ACTIVITY
Search the records below for the word "object". Copy each line where it occurs.

SOURCE DATA

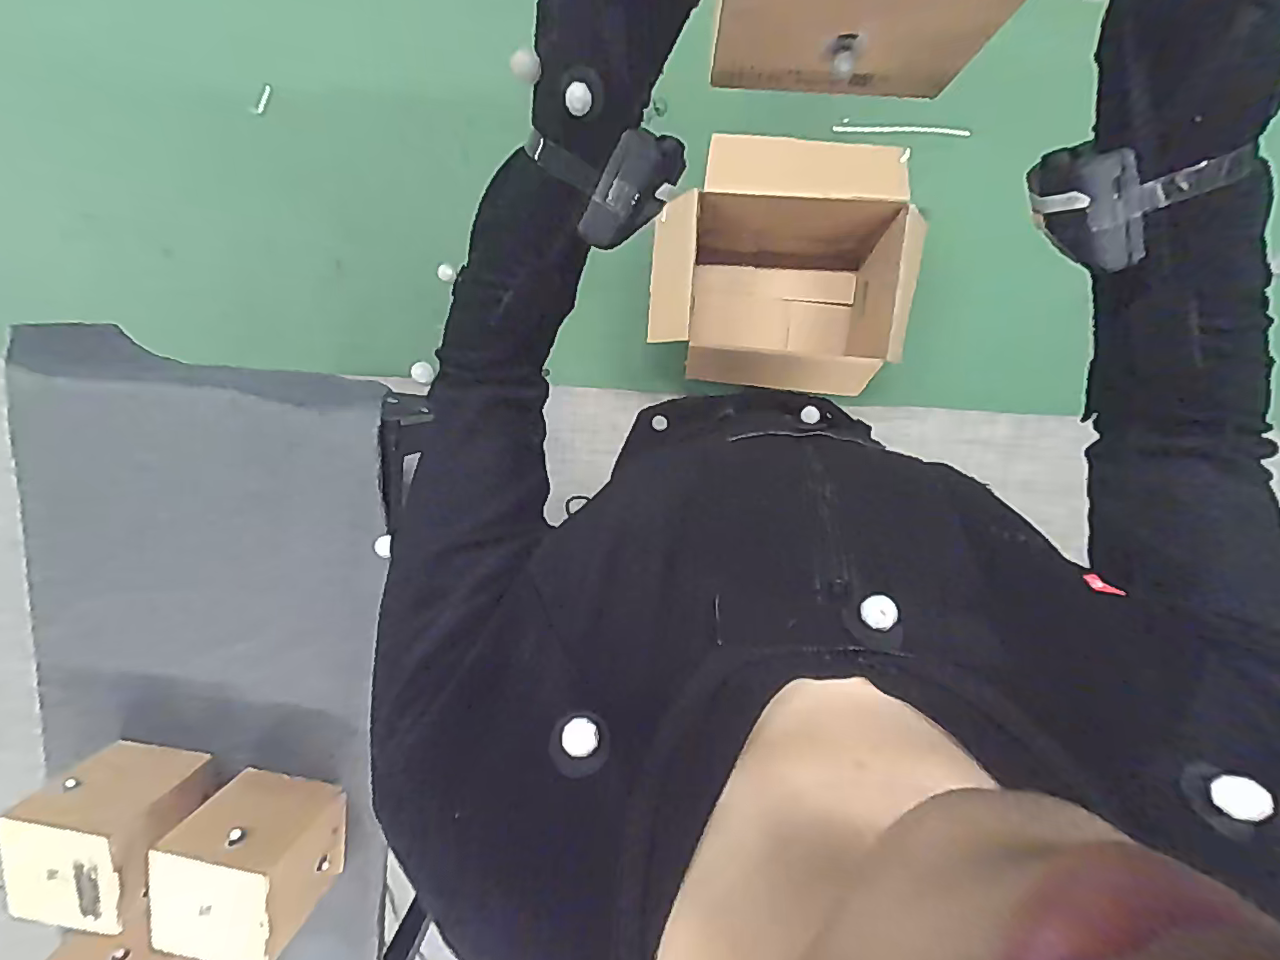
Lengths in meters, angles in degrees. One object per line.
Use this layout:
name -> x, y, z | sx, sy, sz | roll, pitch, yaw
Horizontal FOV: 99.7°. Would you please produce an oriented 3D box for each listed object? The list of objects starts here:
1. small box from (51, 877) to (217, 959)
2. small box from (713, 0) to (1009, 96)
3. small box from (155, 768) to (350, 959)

ANSWER FOR THIS EXERCISE
Lengths in meters, angles in degrees. One object per line.
Horizontal FOV: 99.7°. Would you please produce an oriented 3D box for each listed object? The list of objects starts here:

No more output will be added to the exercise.